International Journal of Computer Applications (0975 – 8887)
Volume 60– No.1, December 2012
8
Identifying the Character by Applying PCA
Method using Matlab
P.Subbuthai Azha Periasamy S.Muruganand
Department of Electronics and
Instrumentation
Department of Electronics and
Instrumentation
Department of Electronics and
Instrumentation
Bharathiar University Bharathiar University Bharathiar University
Coimbatore Coimbatore Coimbatore
India India India
ABSTRACT
Optical character recognition is getting more and more useful
in daily life for various purposes. The aim of the paper is to
find the number and English alphabets in the symbol of times
new roman, arial, arial block size of 72, 48.Many researches
have been done on many types of characters by using different
approaches. In this recognition system was implemented by
using of principal component analysis (PCA) algorithm. This
algorithm is based on an Eigen value and Euclidean distance.
PCA is practical and standard statistical tool in modern data
analysis that has found application
in different areas such as
face recognition, image compression, and neuroscience.
General Terms
Binary. Edge, filling image and PCA
Keywords
PCA, Eigen value, Euclidean distance
1. INTRODUCTION
Character recognition system has received considerable
attention in recent years due to the tremendous need for
digitization of printed documents. Manual assignment of text
data from images is time consumption and costly. For this
then the automation of text extracted from images is one of
the challenging area in the image processing. In this paper,
numbers and English alphabet has to be recognized. The
English letter can be consists of two cases, that are uppercase
and lower case. In this paper focused on uppercase character
in the style of Times new roman, Arial, Arial block of the
size of 72, 48. English language is used all over the world
for the communication purpose, also in many Indian offices
such as railways, passport, income tax, sales tax, defense and
public sector undertakings such as bank, insurance, court,
economic centers, and educational institutions etc these
approaches are done by principal component analysis. PCA
is a linear transformation, which rotates the axes of image
space along lines of maximum variance. The rotation is
based on the orthogonal eigenvectors of the covariance
matrix generated from a sample of image data from the input
channels. The output from this transformation is a new set of
images channels, which are also referred to as eigenchannels.
The main use of this to reduce the dimensionality of a data
set while retaining as much information as possible. The
process of character recognition process can be divided into
following stages namely preprocessing, feature extraction
and recognition.
2. PREPROCESSING STEPS
Fig 1: Block Diagram for Preprocessing
Preprocessing operations generally fall into three categories:
image acquisition, image conversion, morphological
operation. Their respective blocks are shown in Figure 1.

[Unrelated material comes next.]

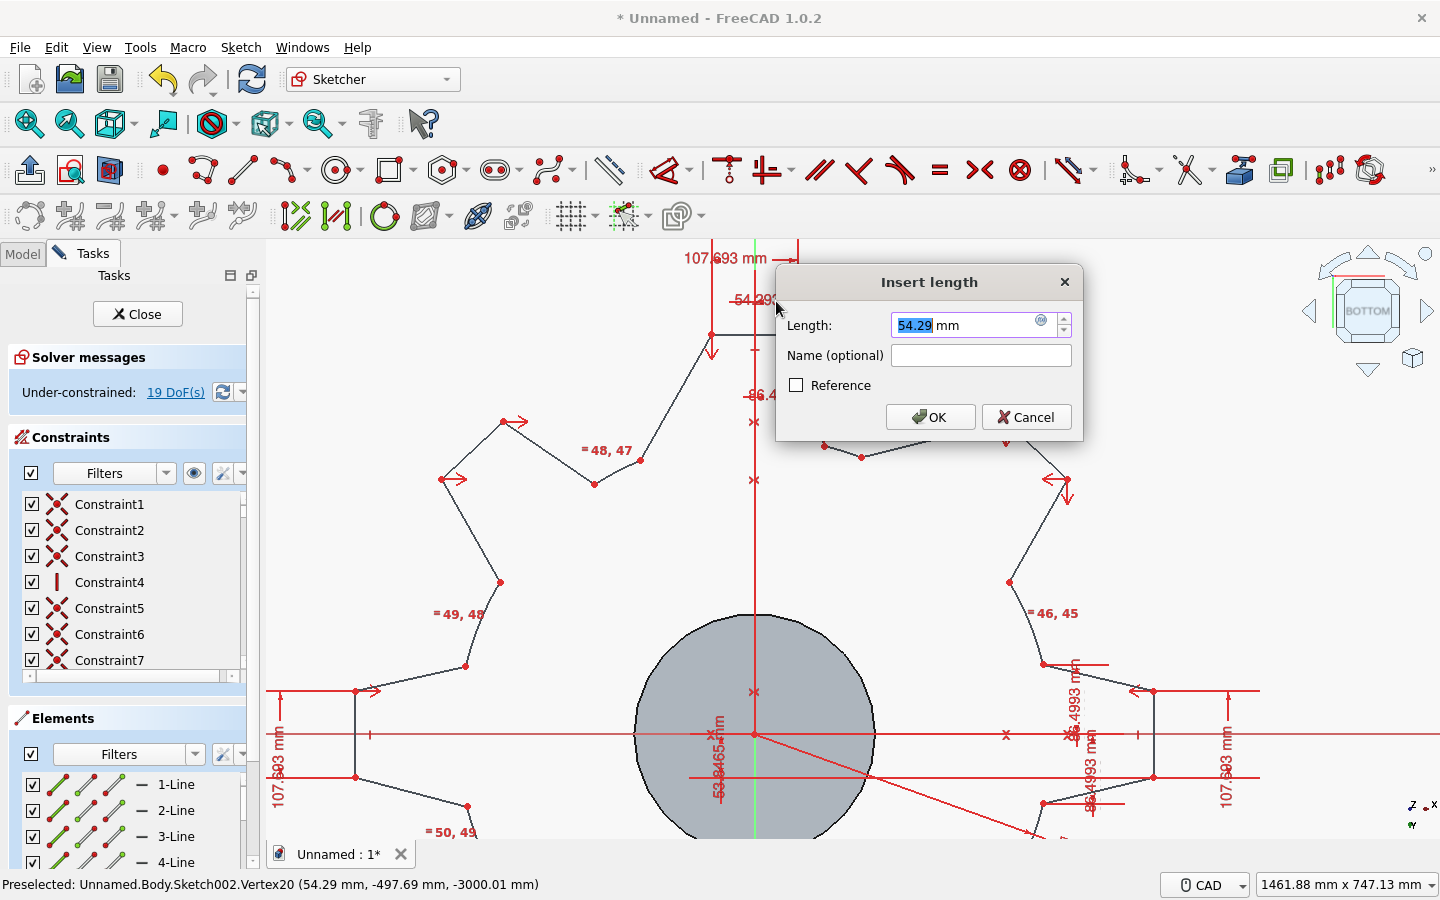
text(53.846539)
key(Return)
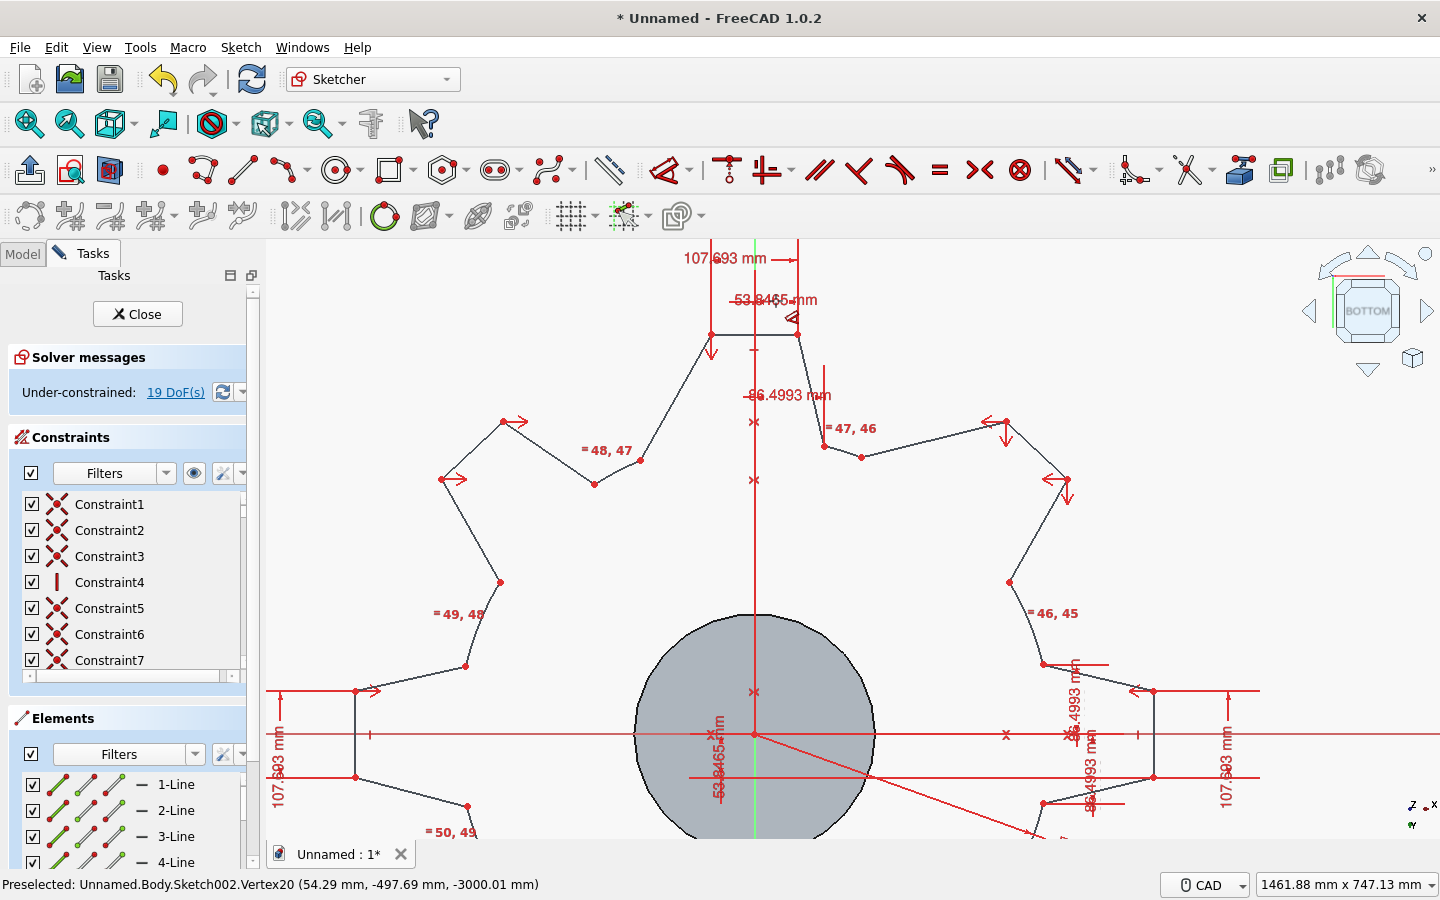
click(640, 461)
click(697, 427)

Digital image acquisition is the creation of digital images.
Typically from a physical scene. The term is often assumed to
imply or include the preprocessing, compression, storage
printing and display of such images. An image conversion
consists of three steps: RGB image to gray image and gray
image to binary image and then finally binary image into an
edge image. The first step of the image processing is
binarization. The colorful image represented by 3 coefficients
red, green and blue from the acquisition unit must be
converted to the images with 256 levels of gray scale[1]. Then
select an appropriate threshold to achieve the image
binarization[2]. Following by converting the grayscale image
into binary image which consists of only 0 and 1[3]. Then the
gray image is converted into edge image. Dilation image and
filling images are took place in morphological operation.
Edges of images are detected using appropriate thresholding
and then further dilated operation using appropriate structure
element[4]. The dilated images are converted into filling
image through binary image. The filling image is used to
reduce the number of connected components and the
command bwlabel is used to calculate the connected
component[3]. The next step is to obtain the bounding box of
character. Bounding box is referring to the minimum
rectangular box that is able to encapsulate the whole
character[5]. Single character has been detected from this
bounding box of the character. For template matching the
image is resized into 74*50 by using bilinear method.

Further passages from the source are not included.